* [What to work on]
What are the lines from the one containing "Step 2: click (288, 85)" through the last line of the records below? Return them exactly, leaving out pictures.

(Source records)

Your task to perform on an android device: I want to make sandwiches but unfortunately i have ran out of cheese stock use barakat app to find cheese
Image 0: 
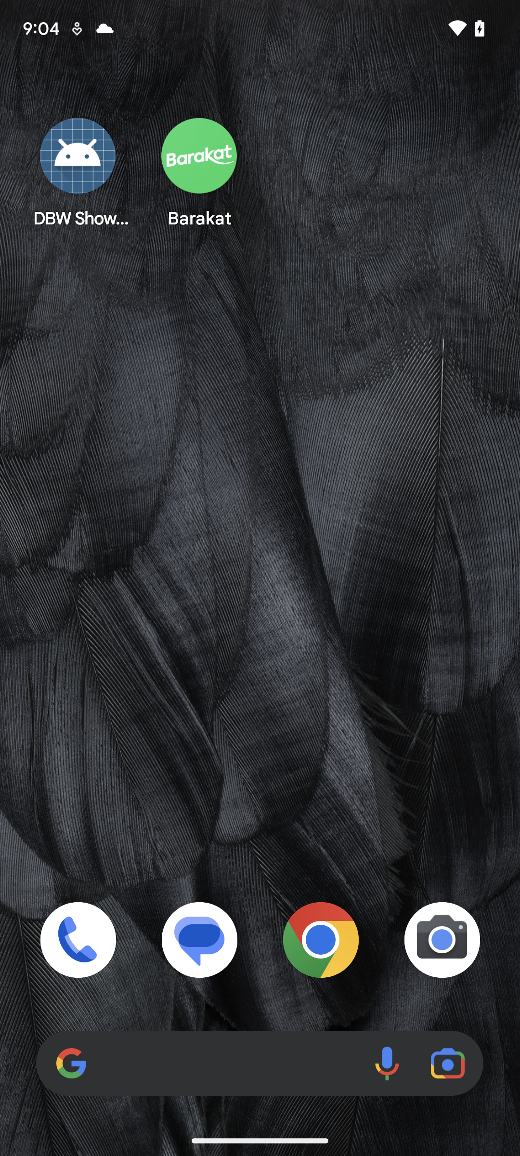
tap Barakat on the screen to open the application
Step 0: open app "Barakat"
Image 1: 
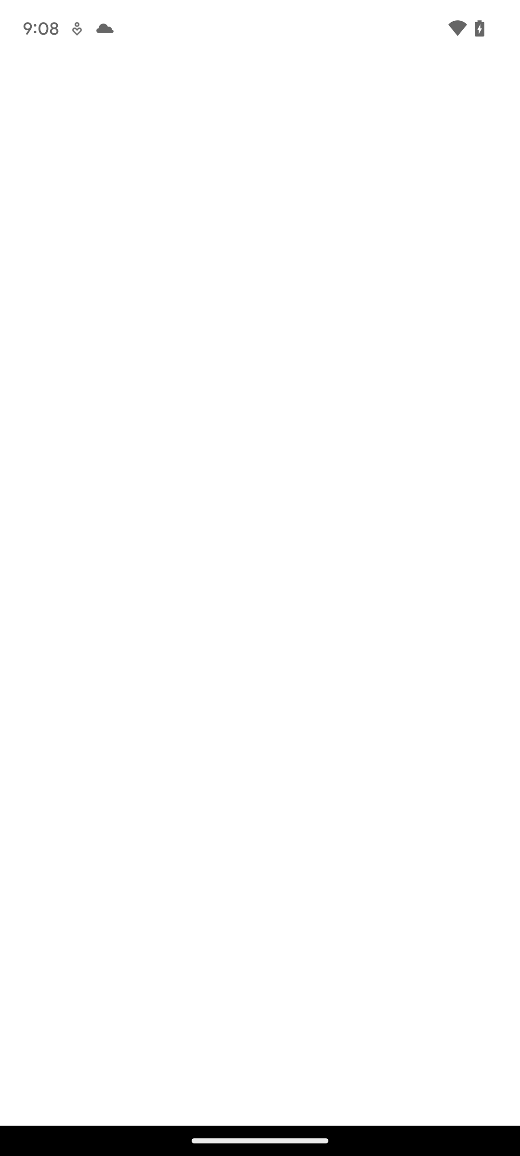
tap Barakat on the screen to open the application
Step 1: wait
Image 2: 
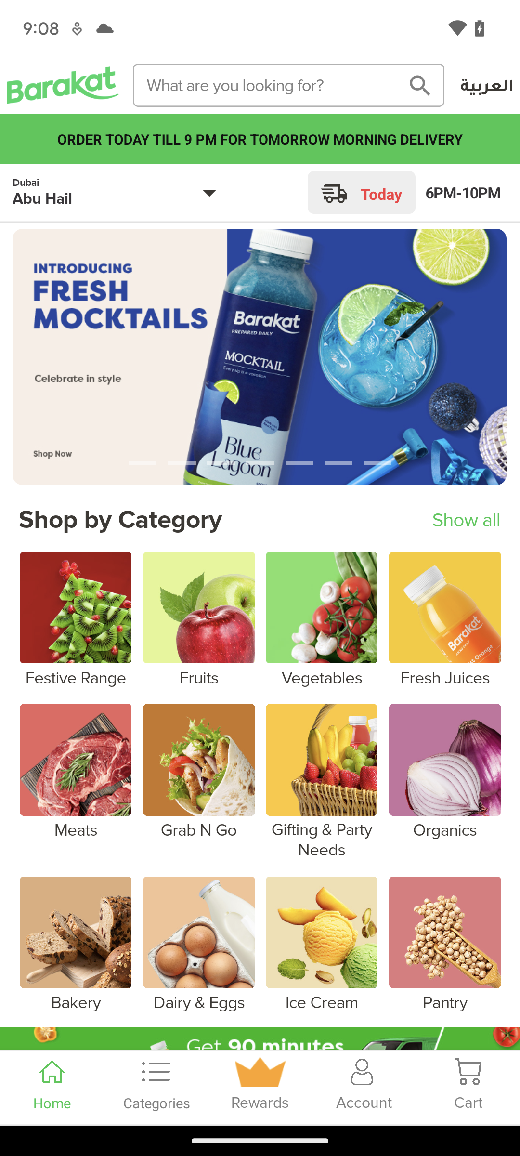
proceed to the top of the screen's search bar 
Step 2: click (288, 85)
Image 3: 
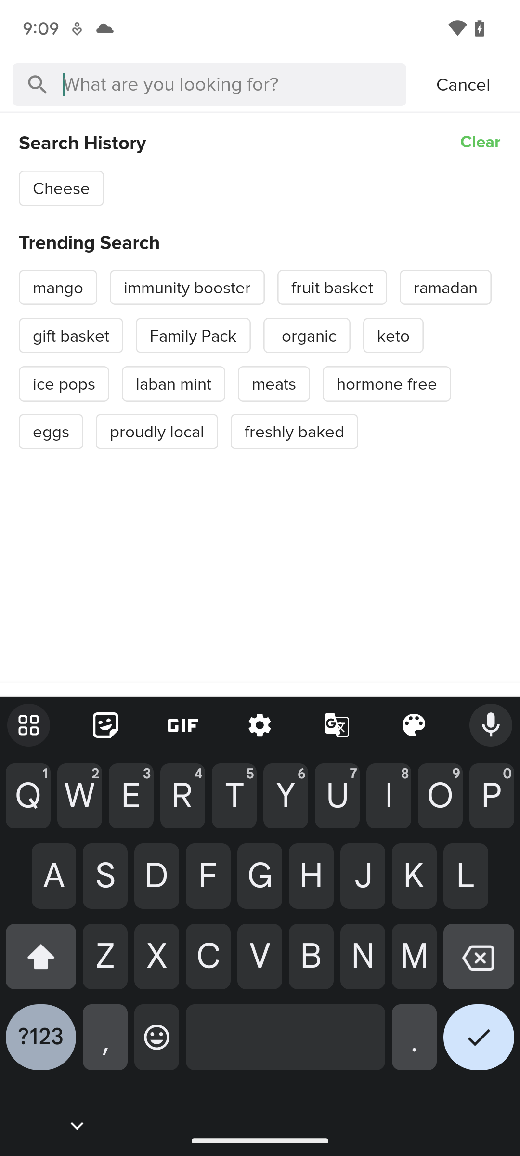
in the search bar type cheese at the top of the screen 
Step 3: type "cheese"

* [Result of the task]
Step 2: click (288, 85)
Image 3: 
in the search bar type cheese at the top of the screen 
Step 3: type "cheese"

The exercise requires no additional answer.